We know that we are facing, despite the enormous progress obtained until now, a bit of an uphill battle.
We know for a fact that, at least in the North, Millennials and the X generation are not showing the same kind of connection to traditional Parks and protected areas as Baby Boomers did. And Argentina, and South America, seem to be moving in the same direction. They cannot relate to it and they need us to make that connection.
That, instead of being a problem, may become a great opportunity.
The traditional view of separate, almost isolated, protected areas may not be the correct way as we go forward in most cases. We understand now that every preserved area is part of a larger system and must be connected to it, must be emotionally attached to the community, and must generate a constituency that will sustain it in the long run.
While many have already embraced this shift, there are in our countries many business leaders, and particularly large landowners who own areas which can be protected and made environmentally sustainable, that do not trust, or simply do not understand, neither the purported benefits of this shift in general paradigm nor the potential for the win-win situation that can be generated from it.
In the case of Argentina, at least, the problem seems to be the disbelief by many, that government (whom they do not trust because of decades of mismanagement, contradictory legislation, inflation, lack of incentives, lack of medium and long term planning, and in some cases little respect for private property) can do the job.
And that is why we need honest brokers (individuals and organizations that can present innovative solutions that are systemic and full of counterbalances (Government, Venture Capital, Multilaterals and NGOs, Technology, and obviously Business), and which can produce results that engage and with wide ranging benefits in mind.

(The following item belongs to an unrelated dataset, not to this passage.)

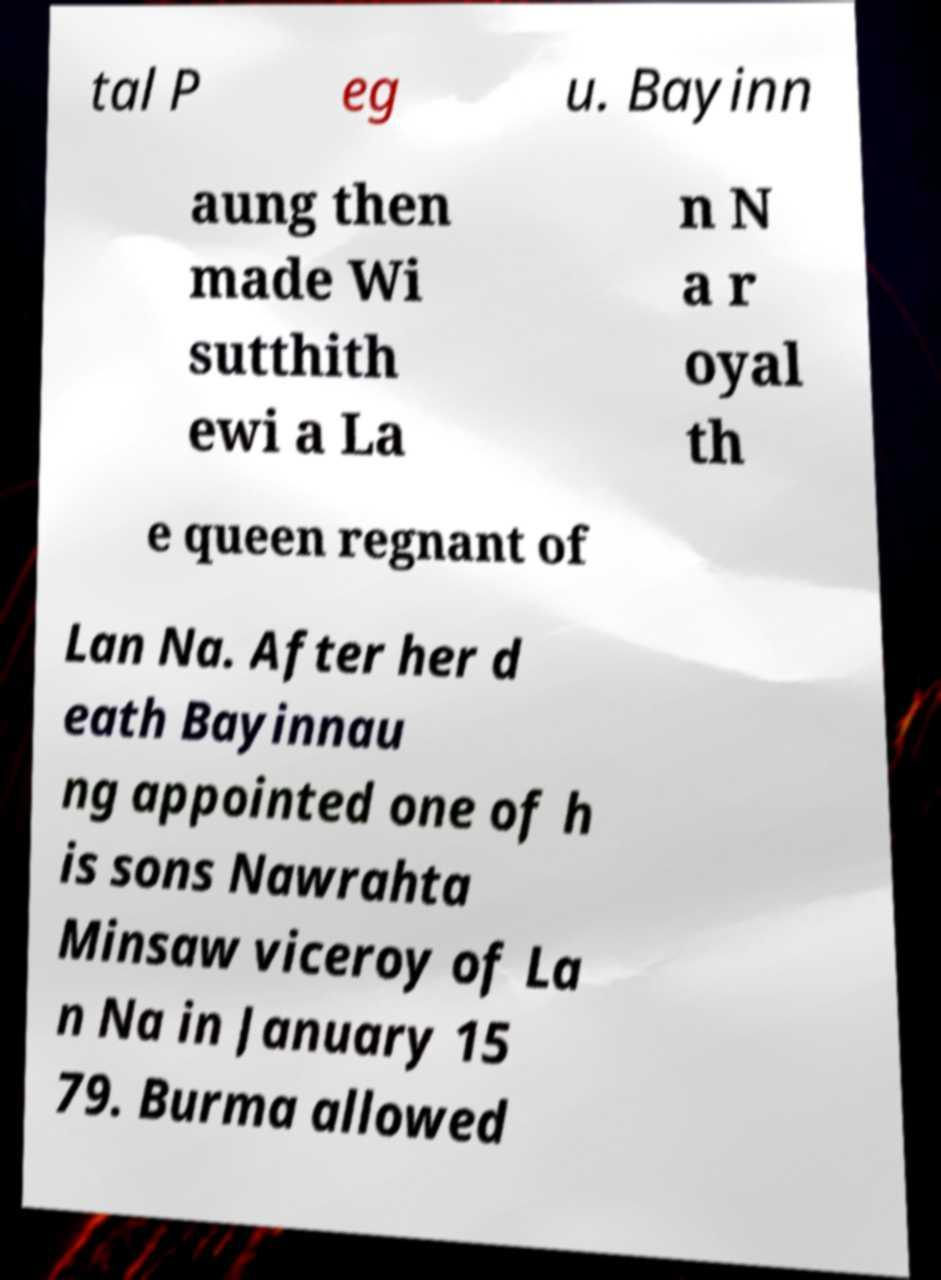Can you accurately transcribe the text from the provided image for me? tal P eg u. Bayinn aung then made Wi sutthith ewi a La n N a r oyal th e queen regnant of Lan Na. After her d eath Bayinnau ng appointed one of h is sons Nawrahta Minsaw viceroy of La n Na in January 15 79. Burma allowed

Sustainable strategies can produce real environmental, community based positive long term results that in the case of business, can also be very profitable, and in the case of nations, become the next level of long term sustainable growth. And we know that sustainable, long term growth, is the key to strong communities, large middle classes, and the path to eliminate poverty and incorporate those who were left out until now into a wider, more inclusive society.
It is time to convince political leaders, business influencers and landowners, to aspire to become that “one person” in their impact area, that will go down in history as a promoter and the center of that change.

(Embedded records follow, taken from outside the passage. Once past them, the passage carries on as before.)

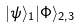<formula> <loc_0><loc_0><loc_500><loc_500>| \psi \rangle _ { 1 } | \Phi \rangle _ { 2 , 3 }</formula> 
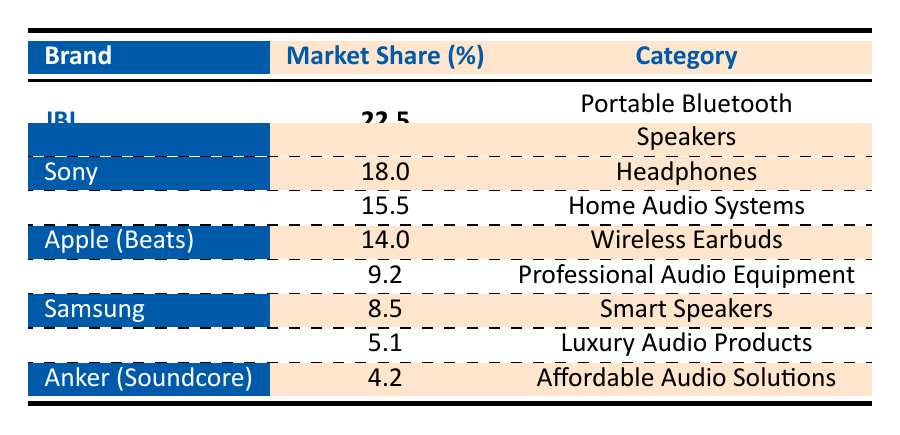What is the market share percentage of JBL? The table shows that JBL has a market share of 22.5%.
Answer: 22.5% Which brand has a higher market share, Sony or Bose? The table lists Sony with a market share of 18.0% and Bose with 15.5%. Since 18.0% is greater than 15.5%, Sony has a higher market share.
Answer: Sony What is the total market share percentage of all brands listed? To find the total market share percentage, we add the percentages of all brands: 22.5 + 18.0 + 15.5 + 14.0 + 9.2 + 8.5 + 5.1 + 4.2 =  97.0%.
Answer: 97.0% Is Apple (Beats) the second leading brand by market share? According to the table, Apple (Beats) has a market share of 14.0%. The leading brand is JBL (22.5%), followed by Sony (18.0%) and then Bose (15.5%). So, Apple (Beats) is not the second leading brand.
Answer: No What is the difference in market share between Sennheiser and Anker (Soundcore)? The market share for Sennheiser is 9.2% and for Anker (Soundcore) is 4.2%. To find the difference, subtract Anker's share from Sennheiser's: 9.2 - 4.2 = 5.0%.
Answer: 5.0% Which category does Bang & Olufsen represent? The table indicates that Bang & Olufsen is categorized as Luxury Audio Products.
Answer: Luxury Audio Products What brand has the least market share in this data? Looking at the table, Anker (Soundcore) has the lowest market share percentage at 4.2%.
Answer: Anker (Soundcore) What is the average market share of the brands listed in the table? To calculate the average market share, we sum the market shares (97.0%) and divide by the number of brands (8): 97.0 / 8 = 12.125%.
Answer: 12.125% 
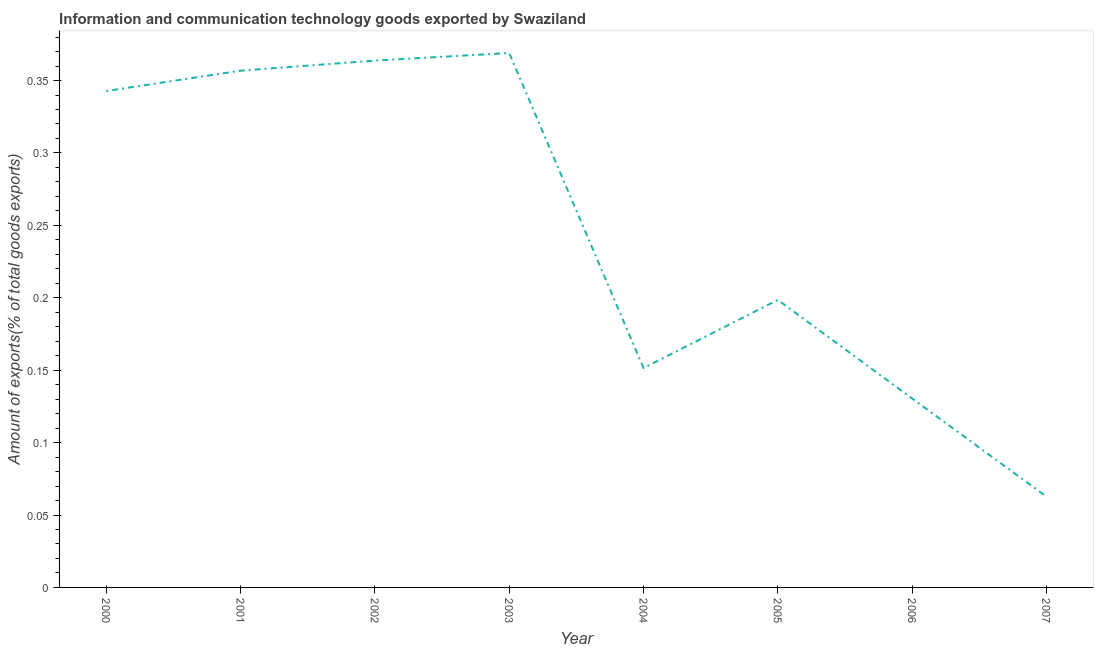What is the amount of ict goods exports in 2001?
Offer a terse response. 0.36. Across all years, what is the maximum amount of ict goods exports?
Offer a very short reply. 0.37. Across all years, what is the minimum amount of ict goods exports?
Keep it short and to the point. 0.06. In which year was the amount of ict goods exports maximum?
Provide a succinct answer. 2003. What is the sum of the amount of ict goods exports?
Make the answer very short. 1.98. What is the difference between the amount of ict goods exports in 2000 and 2004?
Your answer should be compact. 0.19. What is the average amount of ict goods exports per year?
Keep it short and to the point. 0.25. What is the median amount of ict goods exports?
Your response must be concise. 0.27. Do a majority of the years between 2005 and 2007 (inclusive) have amount of ict goods exports greater than 0.12000000000000001 %?
Make the answer very short. Yes. What is the ratio of the amount of ict goods exports in 2003 to that in 2005?
Provide a succinct answer. 1.86. Is the difference between the amount of ict goods exports in 2005 and 2007 greater than the difference between any two years?
Offer a very short reply. No. What is the difference between the highest and the second highest amount of ict goods exports?
Offer a terse response. 0.01. Is the sum of the amount of ict goods exports in 2000 and 2005 greater than the maximum amount of ict goods exports across all years?
Offer a very short reply. Yes. What is the difference between the highest and the lowest amount of ict goods exports?
Offer a terse response. 0.31. Does the amount of ict goods exports monotonically increase over the years?
Give a very brief answer. No. Are the values on the major ticks of Y-axis written in scientific E-notation?
Make the answer very short. No. What is the title of the graph?
Offer a very short reply. Information and communication technology goods exported by Swaziland. What is the label or title of the Y-axis?
Offer a terse response. Amount of exports(% of total goods exports). What is the Amount of exports(% of total goods exports) of 2000?
Make the answer very short. 0.34. What is the Amount of exports(% of total goods exports) of 2001?
Your answer should be very brief. 0.36. What is the Amount of exports(% of total goods exports) of 2002?
Keep it short and to the point. 0.36. What is the Amount of exports(% of total goods exports) in 2003?
Offer a terse response. 0.37. What is the Amount of exports(% of total goods exports) of 2004?
Keep it short and to the point. 0.15. What is the Amount of exports(% of total goods exports) in 2005?
Your response must be concise. 0.2. What is the Amount of exports(% of total goods exports) in 2006?
Your answer should be very brief. 0.13. What is the Amount of exports(% of total goods exports) of 2007?
Ensure brevity in your answer.  0.06. What is the difference between the Amount of exports(% of total goods exports) in 2000 and 2001?
Offer a terse response. -0.01. What is the difference between the Amount of exports(% of total goods exports) in 2000 and 2002?
Offer a very short reply. -0.02. What is the difference between the Amount of exports(% of total goods exports) in 2000 and 2003?
Your answer should be compact. -0.03. What is the difference between the Amount of exports(% of total goods exports) in 2000 and 2004?
Your answer should be very brief. 0.19. What is the difference between the Amount of exports(% of total goods exports) in 2000 and 2005?
Provide a short and direct response. 0.14. What is the difference between the Amount of exports(% of total goods exports) in 2000 and 2006?
Offer a very short reply. 0.21. What is the difference between the Amount of exports(% of total goods exports) in 2000 and 2007?
Provide a short and direct response. 0.28. What is the difference between the Amount of exports(% of total goods exports) in 2001 and 2002?
Your answer should be very brief. -0.01. What is the difference between the Amount of exports(% of total goods exports) in 2001 and 2003?
Your answer should be very brief. -0.01. What is the difference between the Amount of exports(% of total goods exports) in 2001 and 2004?
Ensure brevity in your answer.  0.21. What is the difference between the Amount of exports(% of total goods exports) in 2001 and 2005?
Offer a very short reply. 0.16. What is the difference between the Amount of exports(% of total goods exports) in 2001 and 2006?
Provide a succinct answer. 0.23. What is the difference between the Amount of exports(% of total goods exports) in 2001 and 2007?
Make the answer very short. 0.29. What is the difference between the Amount of exports(% of total goods exports) in 2002 and 2003?
Offer a terse response. -0.01. What is the difference between the Amount of exports(% of total goods exports) in 2002 and 2004?
Your response must be concise. 0.21. What is the difference between the Amount of exports(% of total goods exports) in 2002 and 2005?
Your answer should be very brief. 0.17. What is the difference between the Amount of exports(% of total goods exports) in 2002 and 2006?
Provide a succinct answer. 0.23. What is the difference between the Amount of exports(% of total goods exports) in 2002 and 2007?
Offer a terse response. 0.3. What is the difference between the Amount of exports(% of total goods exports) in 2003 and 2004?
Provide a short and direct response. 0.22. What is the difference between the Amount of exports(% of total goods exports) in 2003 and 2005?
Offer a very short reply. 0.17. What is the difference between the Amount of exports(% of total goods exports) in 2003 and 2006?
Ensure brevity in your answer.  0.24. What is the difference between the Amount of exports(% of total goods exports) in 2003 and 2007?
Your answer should be very brief. 0.31. What is the difference between the Amount of exports(% of total goods exports) in 2004 and 2005?
Give a very brief answer. -0.05. What is the difference between the Amount of exports(% of total goods exports) in 2004 and 2006?
Your answer should be very brief. 0.02. What is the difference between the Amount of exports(% of total goods exports) in 2004 and 2007?
Keep it short and to the point. 0.09. What is the difference between the Amount of exports(% of total goods exports) in 2005 and 2006?
Provide a short and direct response. 0.07. What is the difference between the Amount of exports(% of total goods exports) in 2005 and 2007?
Keep it short and to the point. 0.14. What is the difference between the Amount of exports(% of total goods exports) in 2006 and 2007?
Give a very brief answer. 0.07. What is the ratio of the Amount of exports(% of total goods exports) in 2000 to that in 2001?
Your answer should be compact. 0.96. What is the ratio of the Amount of exports(% of total goods exports) in 2000 to that in 2002?
Your response must be concise. 0.94. What is the ratio of the Amount of exports(% of total goods exports) in 2000 to that in 2003?
Offer a terse response. 0.93. What is the ratio of the Amount of exports(% of total goods exports) in 2000 to that in 2004?
Your answer should be compact. 2.26. What is the ratio of the Amount of exports(% of total goods exports) in 2000 to that in 2005?
Your answer should be very brief. 1.73. What is the ratio of the Amount of exports(% of total goods exports) in 2000 to that in 2006?
Your answer should be compact. 2.63. What is the ratio of the Amount of exports(% of total goods exports) in 2000 to that in 2007?
Provide a short and direct response. 5.47. What is the ratio of the Amount of exports(% of total goods exports) in 2001 to that in 2004?
Your answer should be compact. 2.36. What is the ratio of the Amount of exports(% of total goods exports) in 2001 to that in 2005?
Your answer should be compact. 1.8. What is the ratio of the Amount of exports(% of total goods exports) in 2001 to that in 2006?
Ensure brevity in your answer.  2.73. What is the ratio of the Amount of exports(% of total goods exports) in 2001 to that in 2007?
Give a very brief answer. 5.69. What is the ratio of the Amount of exports(% of total goods exports) in 2002 to that in 2003?
Ensure brevity in your answer.  0.99. What is the ratio of the Amount of exports(% of total goods exports) in 2002 to that in 2004?
Offer a very short reply. 2.4. What is the ratio of the Amount of exports(% of total goods exports) in 2002 to that in 2005?
Provide a succinct answer. 1.83. What is the ratio of the Amount of exports(% of total goods exports) in 2002 to that in 2006?
Provide a succinct answer. 2.79. What is the ratio of the Amount of exports(% of total goods exports) in 2002 to that in 2007?
Provide a short and direct response. 5.8. What is the ratio of the Amount of exports(% of total goods exports) in 2003 to that in 2004?
Make the answer very short. 2.44. What is the ratio of the Amount of exports(% of total goods exports) in 2003 to that in 2005?
Keep it short and to the point. 1.86. What is the ratio of the Amount of exports(% of total goods exports) in 2003 to that in 2006?
Give a very brief answer. 2.83. What is the ratio of the Amount of exports(% of total goods exports) in 2003 to that in 2007?
Provide a short and direct response. 5.88. What is the ratio of the Amount of exports(% of total goods exports) in 2004 to that in 2005?
Provide a succinct answer. 0.76. What is the ratio of the Amount of exports(% of total goods exports) in 2004 to that in 2006?
Your answer should be compact. 1.16. What is the ratio of the Amount of exports(% of total goods exports) in 2004 to that in 2007?
Ensure brevity in your answer.  2.42. What is the ratio of the Amount of exports(% of total goods exports) in 2005 to that in 2006?
Offer a very short reply. 1.52. What is the ratio of the Amount of exports(% of total goods exports) in 2005 to that in 2007?
Your answer should be very brief. 3.17. What is the ratio of the Amount of exports(% of total goods exports) in 2006 to that in 2007?
Offer a very short reply. 2.08.

To make it so, and to be able to also engage and convince the new generations (from Millennials onwards), one must be where political decisions are made, where opinion makers speak and cultural trends are born and expanded. Paraphrasing the WCU, it is the “urban imperative”.
The truth is that very soon almost 60% of the world population will live in cities. And it is there, in the great capitals and in the cities where people live, the place where we can make a difference. People must make the difficult connection from their urban habitat, and to do that we must not only engage and inform, we must enamor and create our constituency. And their voice will help us convince decision makers (government and business) to come to the table.
At the center of all of it, it is about moving hearts and minds. In my class I always say that the emotional factor must never be discarded. The force of sheer scientific numbers will always impress, but it is necessary to engage people at their emotional intelligence level. Particularly in South America, where our very Latin roots make us more emotionally open.
Let´s start to make a difference, each one of us in our own area of influence. This is no longer a matter of a few enlightened or of fringe groups. It is already here and it is the new society, and the new economy, that is coming towards us (and in many cases, it is already here).
The paradigmatic change is already moving the ground from underneath our own feet. Let go of what is old, and embrace all that is good in this shift of major boundaries. And remember, that at the center of it all, it is not a matter of you making it to the other side, it is a recognition that either we make it together, or we will not make it at all.